El caso “Noos” no es el primero, hay otros, por citar sólo algunos, según la “canalla mediática”, el de la pepera Ana Mato en relación con la financiación de las fiestas de sus hijos o los coches del en su día marido; o el de la alcaldesa podemita Carmena en relación con la insolvencia de la empresa de arquitectura de su marido para no abonar los salarios de los trabajadores de la misma. La tonadillera Isabel Pantoja pretendió lo mismo, dijo: “yo también estaba enamorada y no sabía nada”; esta última sin embargo ha cumplido penal y económicamente por necesidades ejemplarizantes del régimen, así lo ha manifestado uno de los ministros del mismo, y porque no era un miembro de la clase política.

Así funciona en España el régimen político de 1978, y que consciente o inconscientemente apoyan y sustentan todos los que una y otra vez acuden a votar a alguno de los partidos de la “monarquía de partidos” que padecemos, tanto los que votan a los partidos progres de izquierdas como a los partidos progres de derechas; tanto los que votan a los partidos conservadores de derechas como los que votan a los partidos conservadores de izquierdas, todos ellos se financian y funcionan integrados en el “régimen español de partidos políticos estatales”.

El PP y el PSOE son los padres y el sustento, hasta hace poco tiempo en exclusiva, de la “monarquía española de partidos estatales”, son los dos pilares del “estado de partidos estatales español”, uno de cuyos principios de funcionamiento es la confusión de los poderes del estado mediante, entre otros mecanismo, la neutralización de la independencia del poder judicial, esencial para el control disuasorio cautelar y a posteriori del abuso y la desviación de poder.
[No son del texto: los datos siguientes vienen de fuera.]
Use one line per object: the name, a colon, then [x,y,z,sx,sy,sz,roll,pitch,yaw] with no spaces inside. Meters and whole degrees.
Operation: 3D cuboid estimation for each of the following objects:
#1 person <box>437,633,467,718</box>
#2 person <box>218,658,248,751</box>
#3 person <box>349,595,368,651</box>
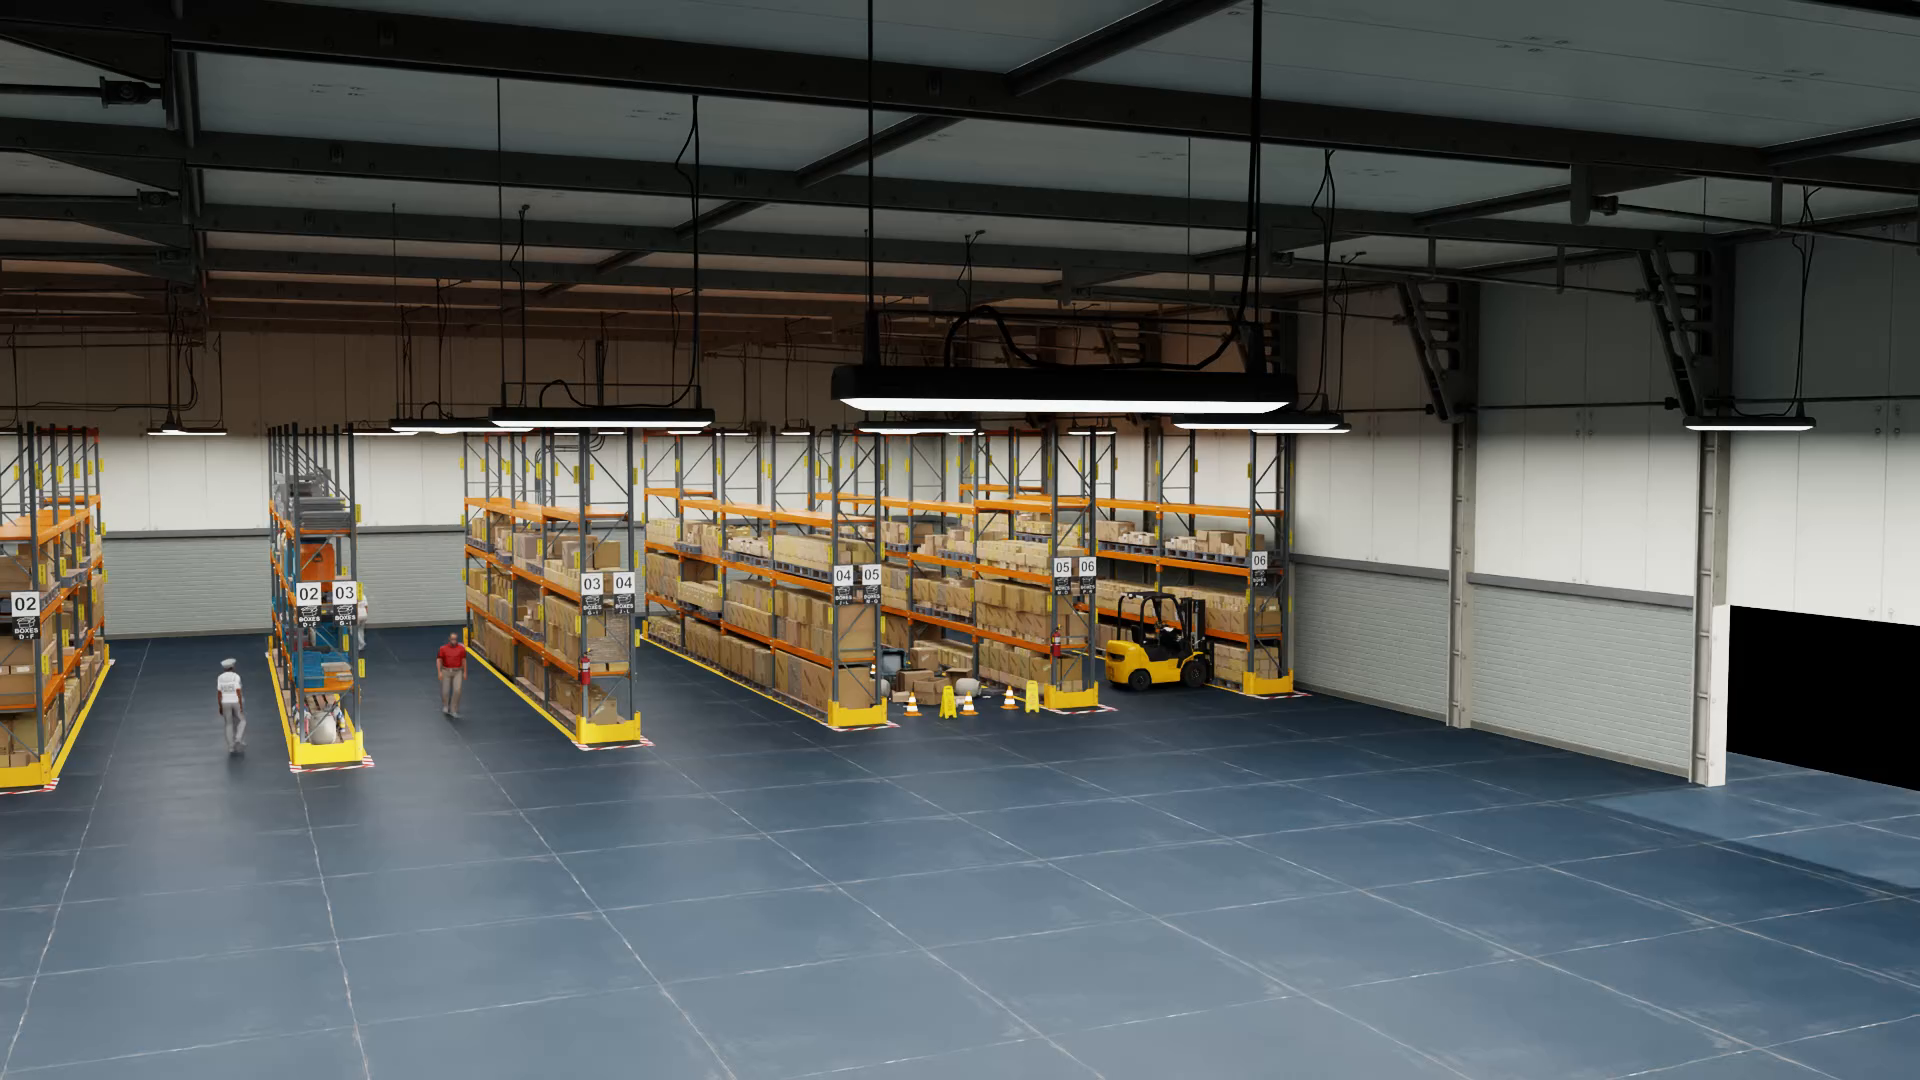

De los llegados hace poco, Ciudadanos confunde poder judicial y gobierno del poder judicial; llamado Consejo del poder judicial por la Constitución de 1978; y su propuesta es sustituir la politización o control por los políticos de la justicia por el corporativismo y gremialismo de los jueces, atribuyendo a estos últimos la elección de los miembros del citado Consejo o parte del mismo

Las propuestas de Podemos apuntan a intensificar la influencias política sobre los jueces que considera deben tener presente la sensibilidad manifestada electoralmente, neutralizando con ello cualquier atisbo de independencia judicial; en otras palabra, dirección contraria a la independencia judicial.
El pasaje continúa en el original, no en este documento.